Normal urine protein composition
Under normal conditions the low molecular weight proteins and albumin that are filtered from plasma into the early tubular fluid are almost completely reabsorbed in the proximal tubules. This results in a normal daily urinary protein excretion of less than 150 mg, of which only approximately 10 mg is albumin. More than 150 mg of proteinuria per day is regarded as abnormal, although it is now appreciated that early renal disease (particularly in diabetic patients) is associated with low level albuminuria (30–300 mg per day) (ie microalbuminuria). An increase in proteinuria can be identified in a number of clinical contexts.
Types of proteinuria
‘Functional’ proteinuria
Transient subnephrotic proteinuria, ‘functional proteinuria’, can occur following exercise or in association with fever or heart failure. It is benign and probably mediated by glomerular haemodynamic changes.4
Overflow proteinuria
Overflow proteinuria is caused by the increased filtration of low molecular weight proteins through a normal glomerular barrier. It is most commonly associated with increased free light-chain production in myeloma (Bence Jones proteinuria). It should be suspected if the urine dipstick is negative (dipsticks are albumin specific) when other tests indicate significant proteinuria.
Tubular proteinuria
Injury to the tubulointerstitial compartment results in the loss both of the proteins that are normally filtered and reabsorbed and of those released by tubular epithelial cells in response to injury.5
Orthostatic proteinuria
Orthostatic proteinuria is a benign condition characterised by proteinuria only when in the upright position. Proteinuria is absent in early morning samples but appears in samples collected later in the day. It is not associated with haematuria, the glomerular filtration rate (GFR) is preserved, and the prognosis is uniformly good.6
Glomerular proteinuria
Glomerular disease causes an increase in the permeability of the glomerular capillary wall to macromolecules (particularly albumin) and results in glomerular proteinuria. It is persistent and may be associated with haematuria and reduced GFR.

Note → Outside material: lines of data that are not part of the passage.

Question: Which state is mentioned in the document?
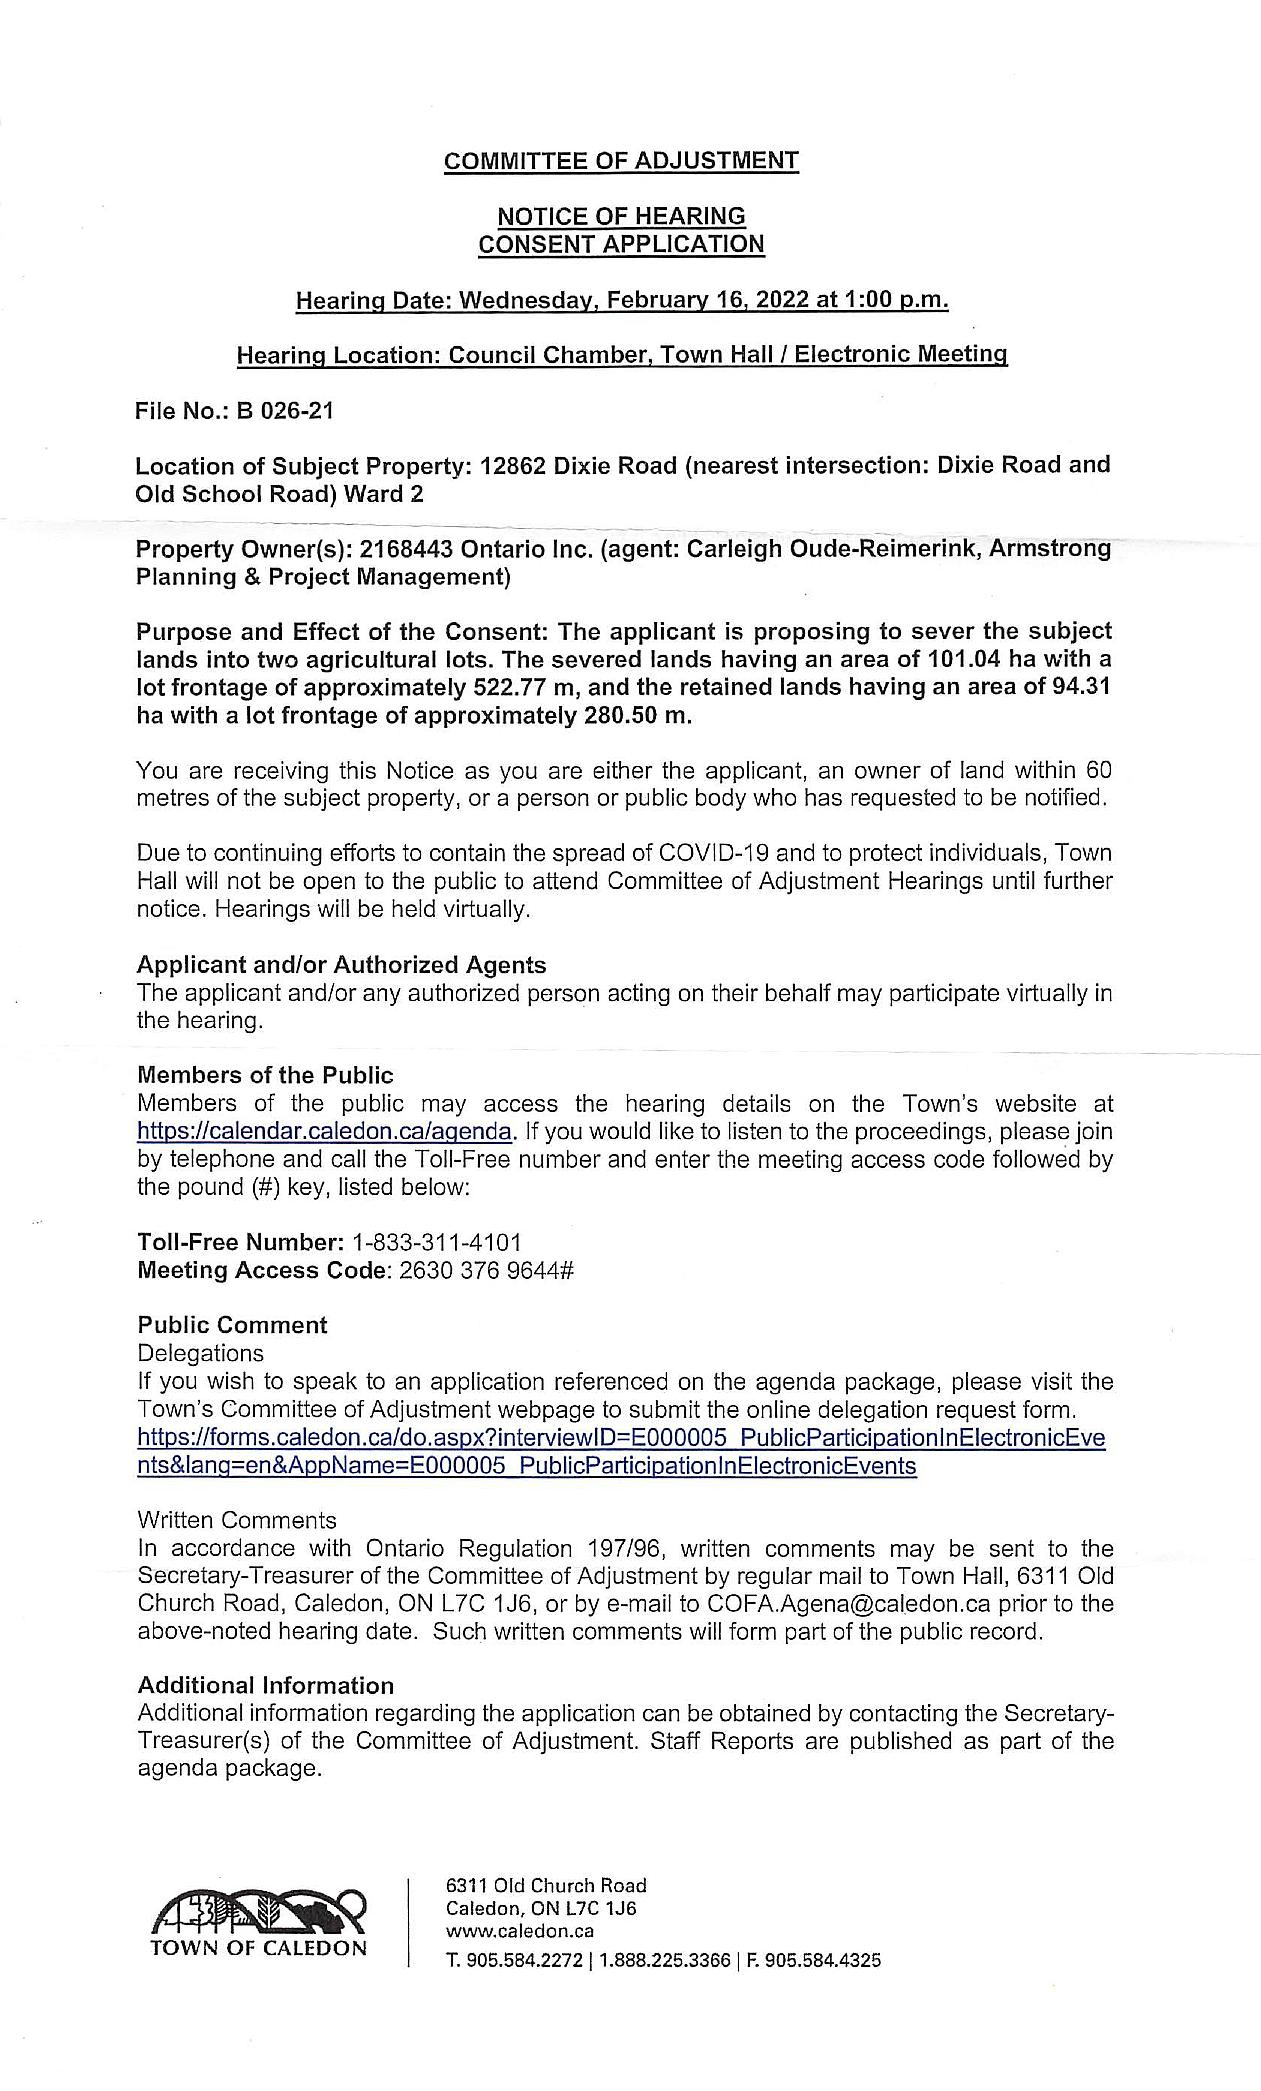
Answer: "ON"
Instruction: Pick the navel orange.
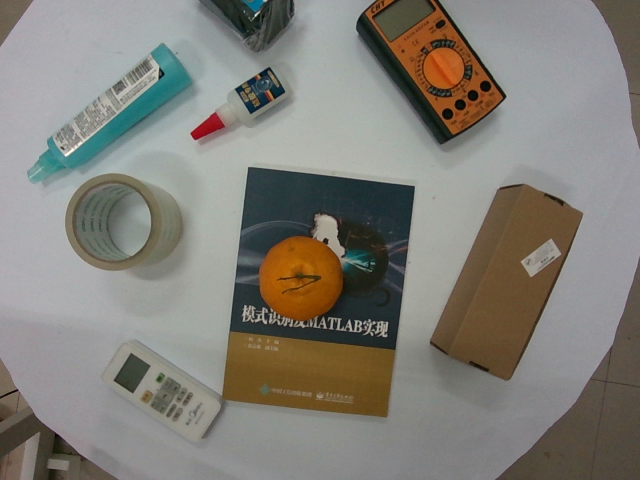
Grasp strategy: vertical

Presentation of proteinuric disease
Asymptomatic proteinuria
Most patients with proteinuria are asymptomatic and are identified when the urine is tested either as part of the:
evaluation for some key life event (eg life insurance application, armed forces recruitment), or
screening process for high-risk individuals (Table 1).
Symptomatic proteinuria
Nephrotic syndrome. The nephrotic syndrome comprises the following constellation of symptoms:
heavy proteinuria: above 50 mg/kg/day (ie >3.5 g/day in a 70 kg adult)
hypoalbuminaemia
oedema
hyperlipidaemia (and lipiduria).
Patients typically present with oedema, characteristically observed in a periorbital distribution on waking. Progressive oedema then develops with ankle, sacral and genital involvement. Pleural effusions and ascites may also develop. Leukonychia results from hypoalbuminuria, and xanthelasma may also be seen.7 Patients with this level of proteinuria may describe frothing of the urine on micturition. The common causes of nephrotic syndrome are shown in Table 2.
Nephritic syndrome. The nephritic syndrome comprises:
oedema
hypertension
proteinuria with significant hematuria
reduced GFR.
Patients typically present with reduced urine output, and often describe urine as having a smokey or Coca-Cola colour. Ankle oedema is often present but is less marked than in the nephrotic syndrome. Hypertension is usual and may be severe. Nephritic syndrome often occurs with evidence of systemic disease (see Table 2).8
Evaluation of proteinuria (Fig 1)
If proteinuria has been detected on a urine dipstick, dipstick testing should be repeated three times to determine whether it is persistent. Trace positivity can be ignored since the dipsticks are very sensitive. The urine should be cultured. For persistent abnormalities, quantification of the proteinuria is necessary.
Current guidelines indicate that when screening high-risk groups for proteinuria, a quantitative measure (see below) is used rather than dipstick testing.9
Quantification
Quantification of proteinuria has historically been performed on 24-hour urine collections; these are inconvenient for patients and therefore inaccurate. Current best practice involves measuring the albumin and/or protein concentration in a ‘spot’ urine sample (ideally, an early morning sample).10
To correct for the effects of urine concentration (hydration state), the albumin/protein concentration is normalised to the creatinine concentration and expressed as the albumin to creatinine ratio (ACR) and protein to creatinine ratio (PCR), respectively (expressed as mg albumin or protein/mmol creatinine). An average person excretes approximately 10 mmol of creatinine per day, so the ACR and PCR can be multiplied by 10 to give an estimate of the daily albumin/protein loss (in mg). The ACR is more sensitive than the PCR, so the former measurement is recommended for the detection and identification of proteinuria while the PCR is reserved for quantification and monitoring.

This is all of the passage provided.